St Monans Church, exterior, from south east

Summary description

The roofless and possibly truncated shell of a medieval church, superseded for worship in the mid-seventeenth century by the church at St Monans. At the latter are the choir, transepts and tower of an ambitious votive church of 1362-70, which was adapted for a Dominican community in 1471.

Historical outline

Dedication: St Eoghan/Ewen

The church of Abercrombie was dedicated to St Eohan/Ewen(1) by the bishop of St Andrews on 24 October 1247.(2) A free parsonage until the early fourteenth century, the chronicler Walter Bower noted that on 5 September 1318 Bishop William Lamberton of St Andrews granted both it and the church of Dairsie to the priory of St Andrews in proprios usus on the occasion of the consecration of St Andrews Cathedral.(3

A precept of Bishop Lamberton to the dean of Christianity of Fife and Fothrif, dated Wednesday in the Feast of St Agatha 1319, instructed him to induct the prior and canons in corporal possession of the church of Abercrombie, the gift having been made for the increase of the lights of the high altar in the cathedral at St Andrews.(4)  A century later, on 24 April 1418, the canons of St Andrews petitioned the pope for confirmation of their possession of the church.(5

By 1440 the canons were leasing the church, i.e. the right to collect the teinds, for terms of five years.  On 11 November 1440, it was leased to Master Thomas Marshall, priest, Alexander Johnson and John ‘Cokkare’, and the longest-lived of them, for annual payment of £10 13s 4d.(6)  The cure was a vicarage perpetual and at the Reformation was held by Mr Thomas Young, who gave the rental value of his vicarage as 4 acres of land and £3 silver, the parsonage being valued at £40 and set by the priory.(7)

Notes

1. S Taylor and G Markus, The Place-Names of Fife, iii, St Andrews and the East Neuk (Donington, 2009), 544-545.

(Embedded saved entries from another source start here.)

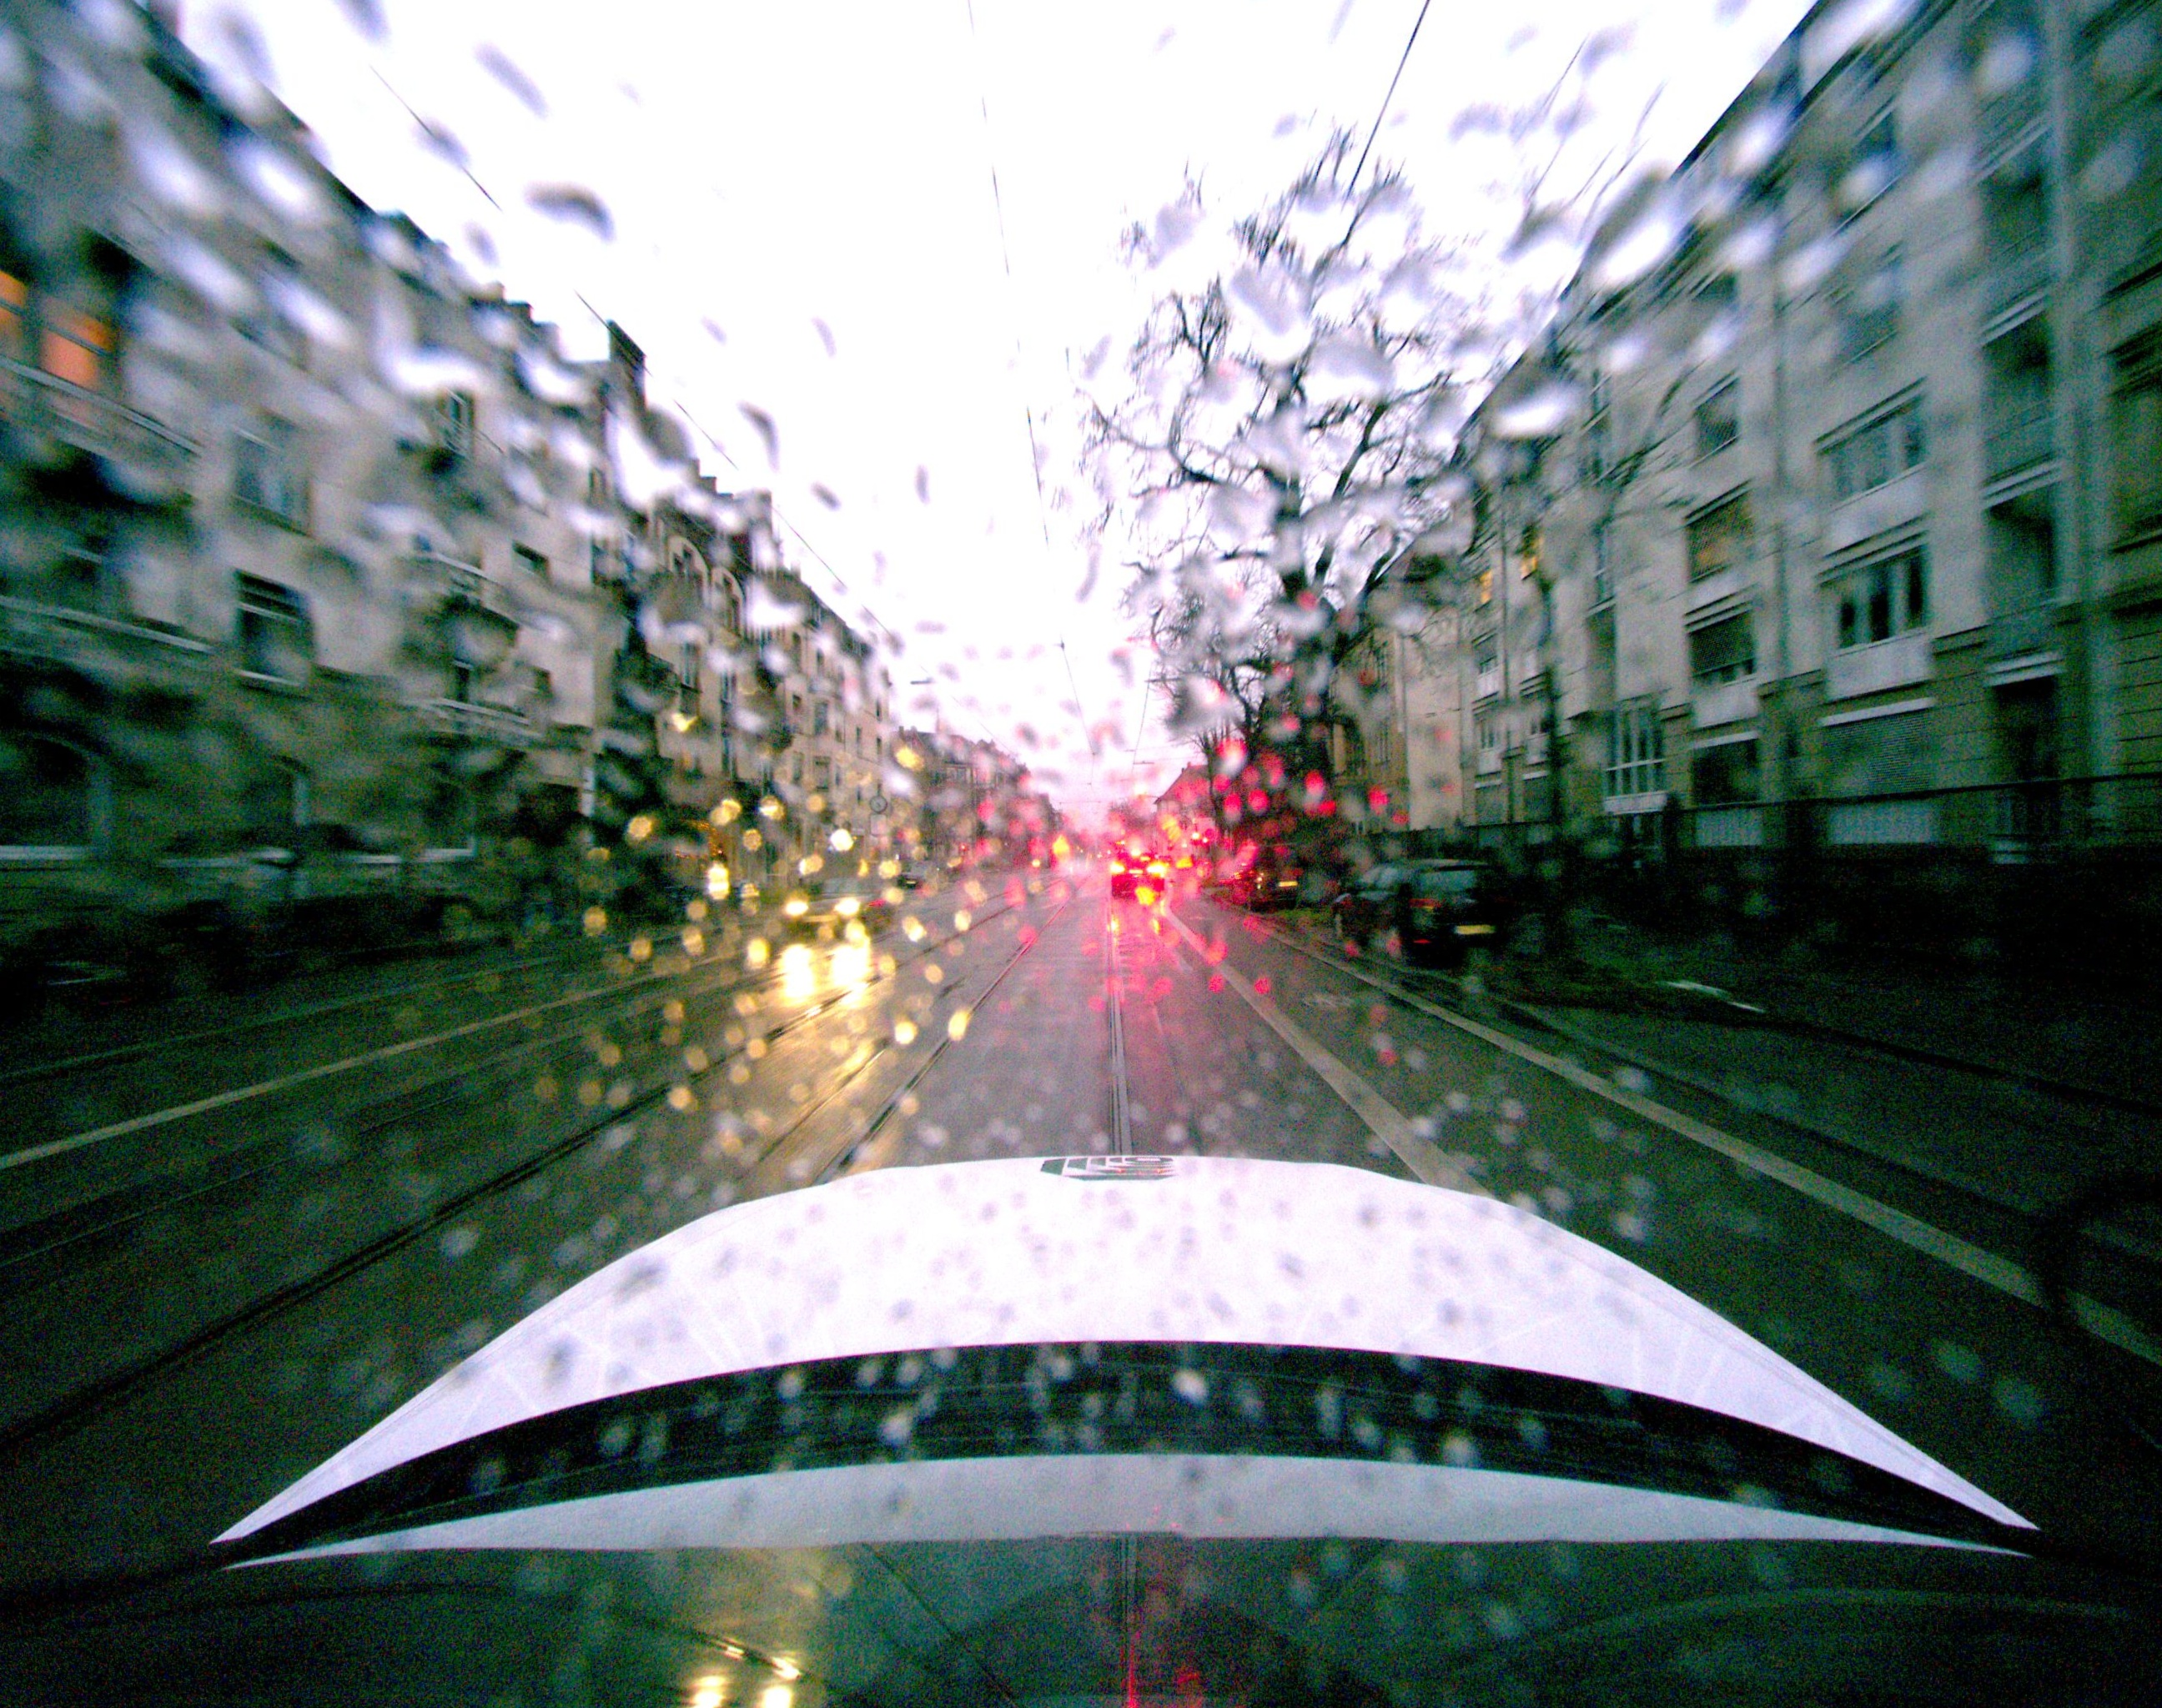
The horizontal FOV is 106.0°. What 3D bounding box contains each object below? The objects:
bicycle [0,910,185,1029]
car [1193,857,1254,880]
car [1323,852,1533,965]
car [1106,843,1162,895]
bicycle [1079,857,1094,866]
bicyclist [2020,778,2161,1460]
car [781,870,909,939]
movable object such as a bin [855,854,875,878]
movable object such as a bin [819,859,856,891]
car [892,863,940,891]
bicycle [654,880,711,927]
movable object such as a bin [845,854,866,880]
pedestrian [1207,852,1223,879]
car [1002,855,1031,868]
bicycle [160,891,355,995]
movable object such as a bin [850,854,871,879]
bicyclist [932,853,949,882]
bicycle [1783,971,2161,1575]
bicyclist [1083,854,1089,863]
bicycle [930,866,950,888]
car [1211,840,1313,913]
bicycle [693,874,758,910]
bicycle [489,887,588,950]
[{"bbox_3d":[-10.461,1.150,8.435,0.691,1.031,1.592,-2,-1,-7],"label":"bicycle"},{"bbox_3d":[12.436,1.238,71.164,4.958,1.717,1.687,-2,1,-18],"label":"car"},{"bbox_3d":[5.298,0.740,13.045,1.671,1.460,4.043,-2,0,1],"label":"car"},{"bbox_3d":[2.021,0.599,32.283,1.986,1.897,4.759,0,-1,1],"label":"car"},{"bbox_3d":[0.748,1.110,119.624,2.106,1.133,0.555,-2,0,-13],"label":"bicycle"},{"bbox_3d":[2.578,0.555,1.522,0.653,1.446,0.851,-2,0,5],"label":"bicyclist"},{"bbox_3d":[-5.105,1.038,18.113,1.655,1.198,3.874,-2,1,0],"label":"car"},{"bbox_3d":[-14.787,0.820,55.820,1.009,1.600,1.082,-2,0,4],"label":"movable object such as a bin"},{"bbox_3d":[-12.626,1.071,42.300,1.404,1.530,1.365,-2,0,1],"label":"movable object such as a bin"},{"bbox_3d":[-9.668,1.304,47.909,1.826,1.447,4.002,-2,1,2],"label":"car"},{"bbox_3d":[-10.321,1.252,21.143,0.613,1.080,1.809,-2,1,-3],"label":"bicycle"},{"bbox_3d":[-14.746,0.842,53.279,1.009,1.600,1.082,-2,0,4],"label":"movable object such as a bin"},{"bbox_3d":[10.386,0.891,63.330,1.019,2.013,0.919,-2,0,-2],"label":"pedestrian"},{"bbox_3d":[-9.346,1.061,118.063,3.983,1.717,1.899,-2,1,-7],"label":"car"},{"bbox_3d":[-10.425,1.077,10.427,0.484,1.099,1.931,-3,0,0],"label":"bicycle"},{"bbox_3d":[-14.768,0.840,54.535,1.009,1.600,1.156,-2,0,4],"label":"movable object such as a bin"},{"bbox_3d":[-7.937,0.769,45.939,0.714,1.602,0.931,-2,0,0],"label":"bicyclist"},{"bbox_3d":[2.595,0.953,1.643,0.704,1.096,2.032,-2,1,5],"label":"bicycle"},{"bbox_3d":[0.739,0.664,119.634,0.823,1.376,0.555,-2,0,-12],"label":"bicyclist"},{"bbox_3d":[-7.911,1.293,45.829,0.714,1.110,2.064,-2,1,0],"label":"bicycle"},{"bbox_3d":[5.297,0.586,24.525,1.986,1.900,5.028,-2,1,1],"label":"car"},{"bbox_3d":[-11.663,1.244,26.731,1.802,1.080,0.615,-2,0,-6],"label":"bicycle"},{"bbox_3d":[-10.259,1.184,15.480,0.623,1.017,1.805,-3,0,0],"label":"bicycle"}]
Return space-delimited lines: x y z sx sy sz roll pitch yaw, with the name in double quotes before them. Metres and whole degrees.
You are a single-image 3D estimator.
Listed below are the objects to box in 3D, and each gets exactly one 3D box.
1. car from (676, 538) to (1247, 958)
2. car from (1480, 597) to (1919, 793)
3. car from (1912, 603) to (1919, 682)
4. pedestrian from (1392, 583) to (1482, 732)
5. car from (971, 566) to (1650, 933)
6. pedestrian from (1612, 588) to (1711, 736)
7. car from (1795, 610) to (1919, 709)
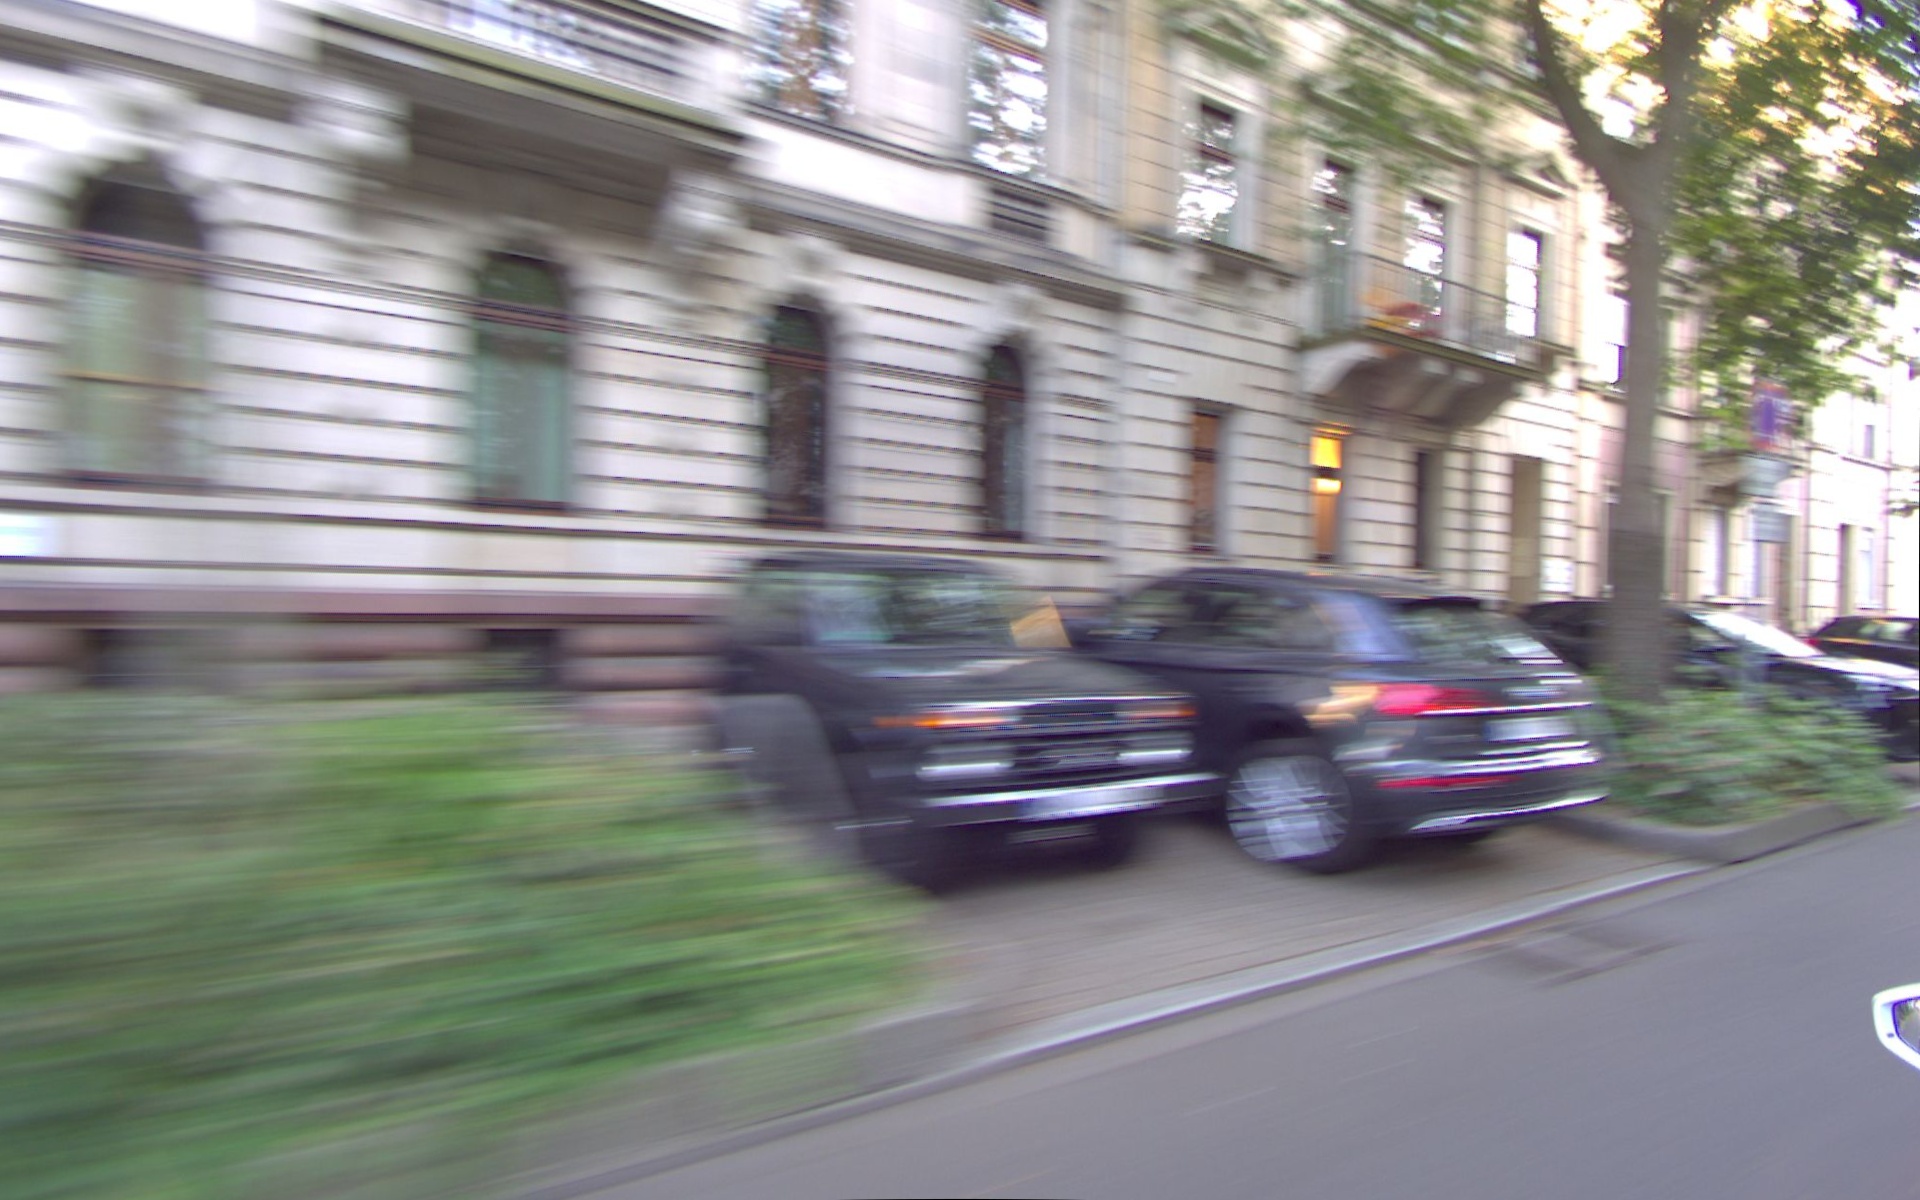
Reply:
"car" -0.318 0.542 6.099 1.695 1.694 3.779 0 2 -32
"car" 7.810 0.806 10.364 1.886 1.553 3.923 2 0 -32
"car" 22.121 0.977 19.868 1.851 1.673 4.403 0 2 -30
"pedestrian" 5.887 0.688 12.401 0.728 1.762 0.666 1 1 -29
"car" 1.978 0.641 6.946 1.886 1.694 4.178 0 2 -31
"pedestrian" 8.698 0.740 12.460 0.662 1.762 0.732 1 1 -25
"car" 15.928 0.971 15.958 1.852 1.478 3.671 0 2 -32

2. A O Anderson (ed), Early Sources of Scottish History, ii (Edinburgh, 1922), 526 [Pontifical Offices of St Andrews].

3. Walter Bower, Scotichronicon, eds D E R Watt and others, vi (Aberdeen, 1991), 413-415.

4. St Andrews Liber, p.xxxv, no 19.

5. Calendar of Scottish Supplications to Rome, i, 1418-1422, eds E R Lindsay and A I Cameron (Scottish History Society, 1934), 11.

6. St Andrews Copiale, no.109.

7. J Kirk (ed), The Books of Assumption of the Thirds of Benefices (Oxford, 1995), 16-17, 69.

Summary of relevant documentation

Medieval

Synopsis of Cowan’s Parishes: Granted in 1319 by William de Lamberton, bishop of SA to St Andrew’s priory for the lighting of the High Altar. The cure was a vicar perpetual.(1)

Place names of Fife (volume three): The old parish church of Abercrombie, the ruins of which are still extant, now lies in the estate of Balcaskie. Its dedication was to St Eoghan (Ewen).(2)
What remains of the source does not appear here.